::: Supplied records :::
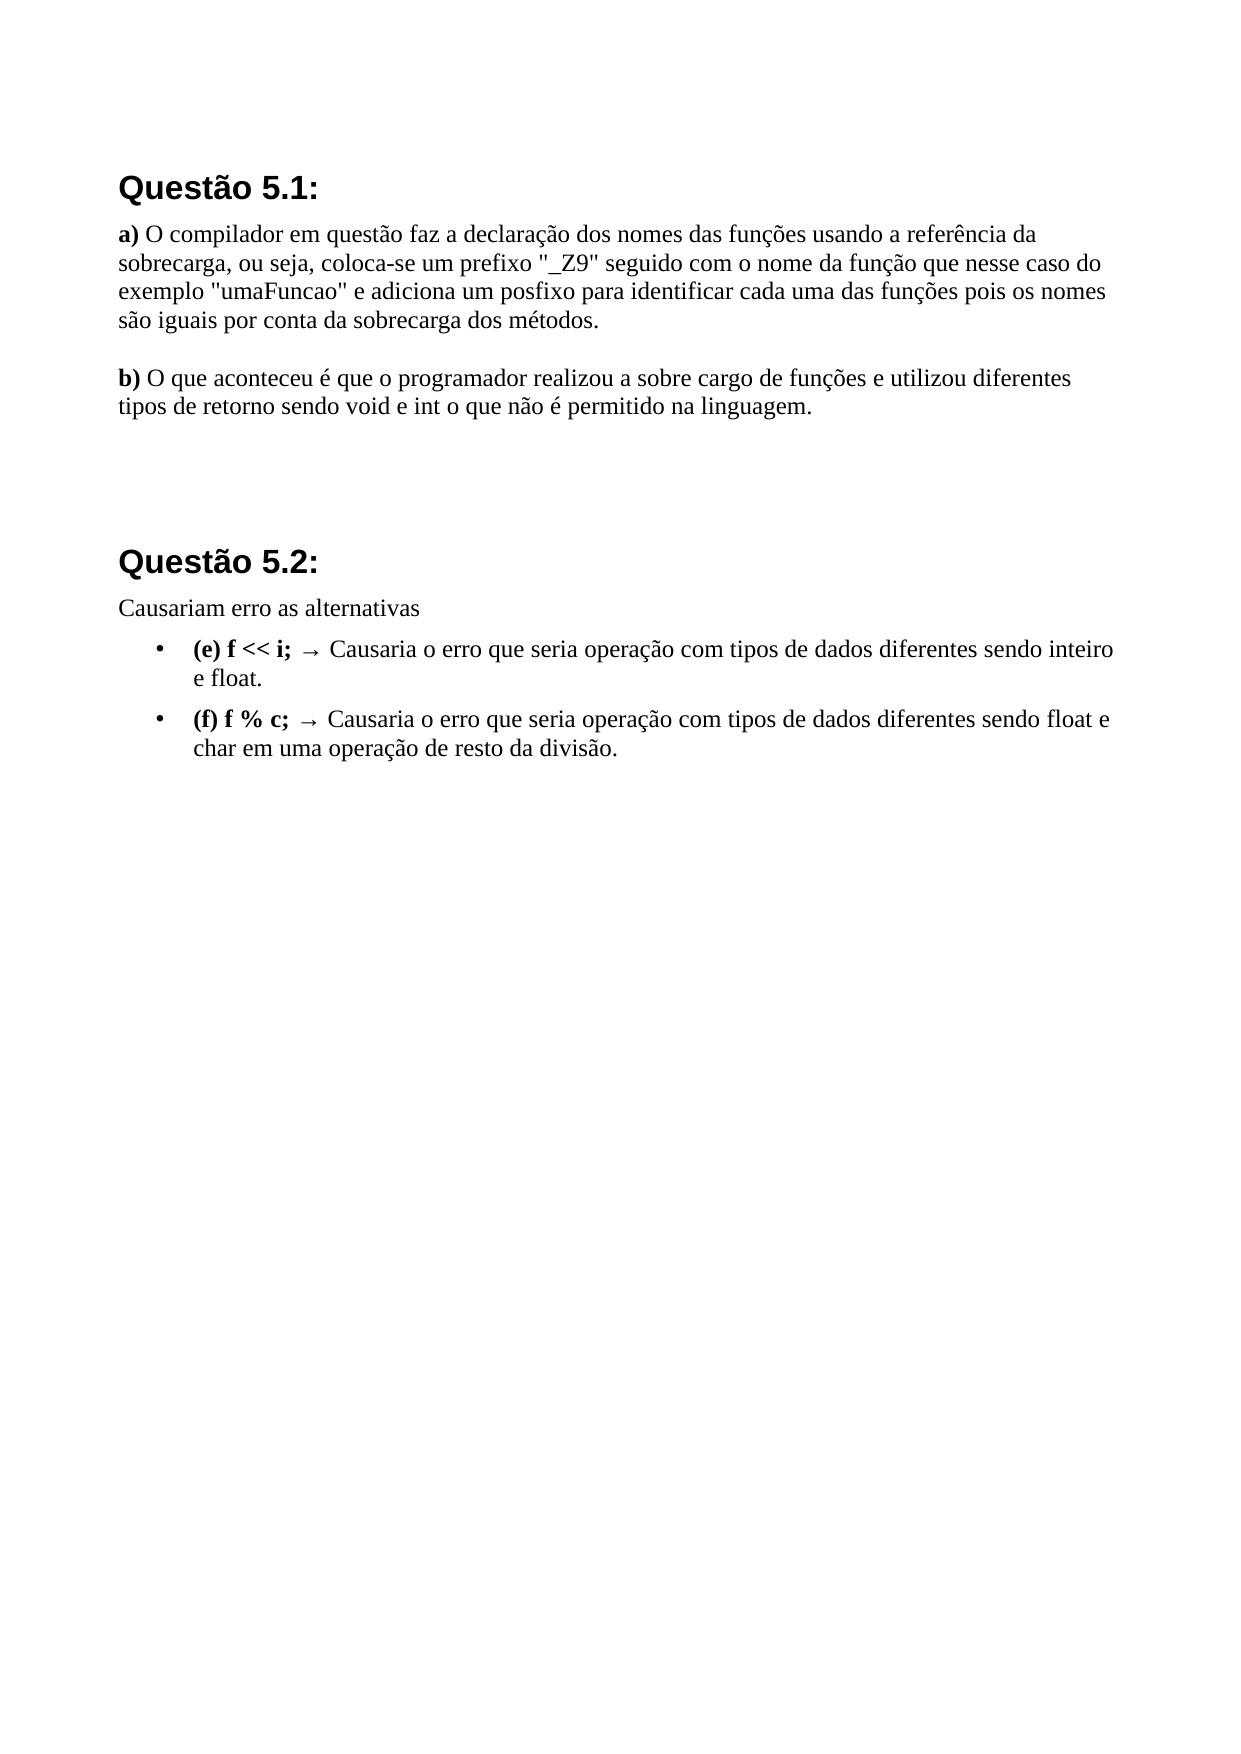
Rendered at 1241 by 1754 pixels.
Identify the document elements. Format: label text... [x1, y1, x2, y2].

text b) O que aconteceu é que o programador realizou a sobre cargo de funções e utilizou diferentes tipos de retorno sendo void e int o que não é permitido na linguagem. [118, 363, 1122, 420]
subtitle Questão 5.1: [118, 168, 1122, 206]
list (e) f << i; → Causaria o erro que seria operação com tipos de dados diferentes sendo inteiro e float. [156, 634, 1122, 692]
text Causariam erro as alternativas [118, 593, 1122, 622]
text a) O compilador em questão faz a declaração dos nomes das funções usando a referência da sobrecarga, ou seja, coloca-se um prefixo "_Z9" seguido com o nome da função que nesse caso do exemplo "umaFuncao" e adiciona um posfixo para identificar cada uma das funções pois os nomes são iguais por conta da sobrecarga dos métodos. [118, 219, 1122, 334]
list (f) f % c; → Causaria o erro que seria operação com tipos de dados diferentes sendo float e char em uma operação de resto da divisão. [156, 704, 1122, 762]
subtitle Questão 5.2: [118, 542, 1122, 580]
:::
* [Task description]: Return every line above verbatim, pictures excluded.

* [Expected answer]:
Rendered at 1241 by 1754 pixels.
Identify the document elements. Format: label text... [x1, y1, x2, y2].

text b) O que aconteceu é que o programador realizou a sobre cargo de funções e utilizou diferentes tipos de retorno sendo void e int o que não é permitido na linguagem. [118, 363, 1122, 420]
subtitle Questão 5.1: [118, 168, 1122, 206]
list (e) f << i; → Causaria o erro que seria operação com tipos de dados diferentes sendo inteiro e float. [156, 634, 1122, 692]
text Causariam erro as alternativas [118, 593, 1122, 622]
text a) O compilador em questão faz a declaração dos nomes das funções usando a referência da sobrecarga, ou seja, coloca-se um prefixo "_Z9" seguido com o nome da função que nesse caso do exemplo "umaFuncao" e adiciona um posfixo para identificar cada uma das funções pois os nomes são iguais por conta da sobrecarga dos métodos. [118, 219, 1122, 334]
list (f) f % c; → Causaria o erro que seria operação com tipos de dados diferentes sendo float e char em uma operação de resto da divisão. [156, 704, 1122, 762]
subtitle Questão 5.2: [118, 542, 1122, 580]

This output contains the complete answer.